Note that I’ve used punctuation symbols, rather than LBRACE and so on, purely to make the tree easier to read. Parsers construct the parse tree by consuming the input token by token and trying to match the observed sequence to production rules. There are two main approaches within this model. One is to work top-down from the most highest level of the parse tree to the lowest. Top-down parsers commonly parse the input from Left to right using Leftmost derivation (we’ll cover this shortly) and so are also known as LL parsers. The other approach is to work bottom-up by starting at the lowest level of the parse tree and constructing upwards. Bottom-up parsers commonly work from Left-to-right using Rightmost derivation and so are also known as LR parsers. I’ll use LL and LR from now on, just for concision.

So what does top-down, leftmost derivation actually mean? The LL parser iterates through the input token sequence. At each step, the parser can read the current token and the top of the stack. Based on those two values, it selects a production rule and, working from left to right, expands the rule’s non-terminal symbols until it reaches the terminal values. When the current token matches the predicted token, it is consumed and the parser moves to the next token. Let’s step through a section of the parsing process. Remember we are parsing the token sequence:

1 LBRACE, { STRING, names }, COLON, LBRACKET, { STRING, Tom }, COMMA, { STRING, Tim },\
2  COMMA, { STRING, Tam }, RBRACKET, RBRACE

1. The parser begins with LBRACE and an empty stack.
2. Our starting rule is json ::= value.
3. value is a non-terminal so we must expand it. We have several possibilities but the only one that can start with LBRACE is object. We expand the rule to json ::= object by pushing object on to the stack.
4. json ::= object expands to json ::= '{' pair '}' by popping object off the stack and pushing '}', pair and '{'.
5. We match the left brace at the top of the stack to the input LBRACE. We pop it off the stack and move to the next input token.
6. Now we must expand pair to json ::= '{' string ':' value '}' by popping off pair and pushing value, ':' and string on to the stack.
7. We match first the string and then the colon to the input tokens, popping each one off the stack and moving through the input sequence.
8. Now we have a value at the top of the stack and LBRACKET as the current token. The only matching rule is array.

Expanding the array is left as an exercise to the reader. Note that the right brace from object would remain on the stack until after the array had been fully parsed. That is how the parser keeps track of symbols it expects to see later. In this example, I was always able to choose the correct rule by looking solely at the current value. Depending on how the rules are formulated, just one token might not be sufficient to unambiguously select the next rule. A LL parser that can peek ahead by k tokens is known as a LL(k) parser.

You might have wondered exactly how I chose each rule correctly. A common way to implement LL parsers is to automatically generate from the production rules a parsing table that unambiguously specifies which rule to choose for each token and top of stack pair. The benefit of using a table-based construction is that the parser can be modified to parse a different language simply by changing the table.

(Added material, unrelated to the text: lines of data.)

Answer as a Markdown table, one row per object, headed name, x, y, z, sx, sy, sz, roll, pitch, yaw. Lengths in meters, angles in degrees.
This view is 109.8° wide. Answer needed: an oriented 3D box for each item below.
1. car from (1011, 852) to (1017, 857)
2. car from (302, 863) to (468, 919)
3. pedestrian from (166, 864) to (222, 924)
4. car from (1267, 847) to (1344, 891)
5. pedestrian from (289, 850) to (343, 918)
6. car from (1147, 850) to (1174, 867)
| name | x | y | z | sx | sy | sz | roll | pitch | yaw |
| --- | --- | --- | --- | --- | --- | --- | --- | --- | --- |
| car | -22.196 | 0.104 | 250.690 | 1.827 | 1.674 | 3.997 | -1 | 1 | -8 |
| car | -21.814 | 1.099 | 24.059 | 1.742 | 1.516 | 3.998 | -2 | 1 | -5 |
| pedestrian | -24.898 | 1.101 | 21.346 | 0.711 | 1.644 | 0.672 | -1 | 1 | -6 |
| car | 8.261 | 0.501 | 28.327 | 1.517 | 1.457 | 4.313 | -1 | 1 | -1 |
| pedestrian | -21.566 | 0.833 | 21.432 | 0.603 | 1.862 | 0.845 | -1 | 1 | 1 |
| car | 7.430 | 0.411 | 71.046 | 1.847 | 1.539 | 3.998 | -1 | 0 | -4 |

Another method of constructing top-down parsers is called recursive descent. Instead of using an automatically generated table, recursive descent parsers are usually written by hand as a collection of mutually recursive functions. An explicit stack is not required because the call stack does the same job of keeping track of in-progress rules. Each function matches a single production rule. If the rule contains non-terminals, the function will call other functions representing the non-terminal rules:

 1 function expect(token) {
 2   const current = getToken();
 3   if (current !== token) {
 4     throw `Expected ${token}, got ${current}`;
 5   }
 6 }
 7 
 8 function matchPair() {
 9   matchString();
10   expect(':');
11   matchValue();
12 }

Recursive descent parsers are surprisingly straightforward and fun to implement. Writing your own one is a great way to get a better understanding of how parsing works.

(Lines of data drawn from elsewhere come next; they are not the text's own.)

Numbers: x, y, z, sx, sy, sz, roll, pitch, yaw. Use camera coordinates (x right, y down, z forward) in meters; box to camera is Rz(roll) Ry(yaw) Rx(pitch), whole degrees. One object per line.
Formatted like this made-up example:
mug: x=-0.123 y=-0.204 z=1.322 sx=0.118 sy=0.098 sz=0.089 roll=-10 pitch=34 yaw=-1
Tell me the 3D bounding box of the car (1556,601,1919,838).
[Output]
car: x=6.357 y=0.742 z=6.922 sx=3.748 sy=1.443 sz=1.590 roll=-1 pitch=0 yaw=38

LR parsing works slightly differently. Consuming the input sequence token by token is known as shifting. Each shift, the parser creates a new, single-node parse tree containing the current token. The parser remembers previously parsed items. When it recognises that it’s matched a whole production rule, the parser reduces the elements. It creates a new node for the matched rule, pops all the matched elements off the stack, attaches them as children to the new node and pushes the new node on to the stack. Multiple elements are reduced to a single value. A LR(k) parser decides which operation to perform based on the current value, previously seen values and k lookaheads. Let’s step through parsing our JSON token sequence with a LR parser:

1 LBRACE, { STRING, names }, COLON, LBRACKET, { STRING, Tom }, COMMA, { STRING, Tim },\
2  COMMA, { STRING, Tam }, RBRACKET, RBRACE

1. We shift to LBRACE and create a parse tree node for it. We don’t yet know which rule it is part of so we push it on to the stack.
2. Repeat the same operation for each token as far as the LBRACKET.
3. Based on the fact that we have just seen a LBRACKET and have a COMMA just ahead, we are in an array rule. Reduce the string to a value.
4. Repeat for the next two STRING values.
5. We have previously seen an LBRACKET and a list of comma-separated values. The current RBRACKET completes the array rule match. Reduce the brackets and comma-separated values to an array. We have now constructed the bottom right section of the parse tree.
6. By reducing the array to a value, we can then reduce the previously seen STRING and COLON into a pair.
7. Shifting again, we find an RBRACE. We can reduce the LBRACE, pair and RBRACE into an object.
8. Reduce object into json.

LR parsers take a bottom-up approach by incrementally combining terminals into rules and those rules into larger, non-terminal rules until it reaches the root term at the top of the tree. Values it doesn’t yet know how to deal with are pushed on to a stack for use later. LR parsers are more powerful than LL parsers, in that they can accept a wider range of grammars, but they are also harder to write by hand and so are nearly always auto-generated by programs such as yacc and bison.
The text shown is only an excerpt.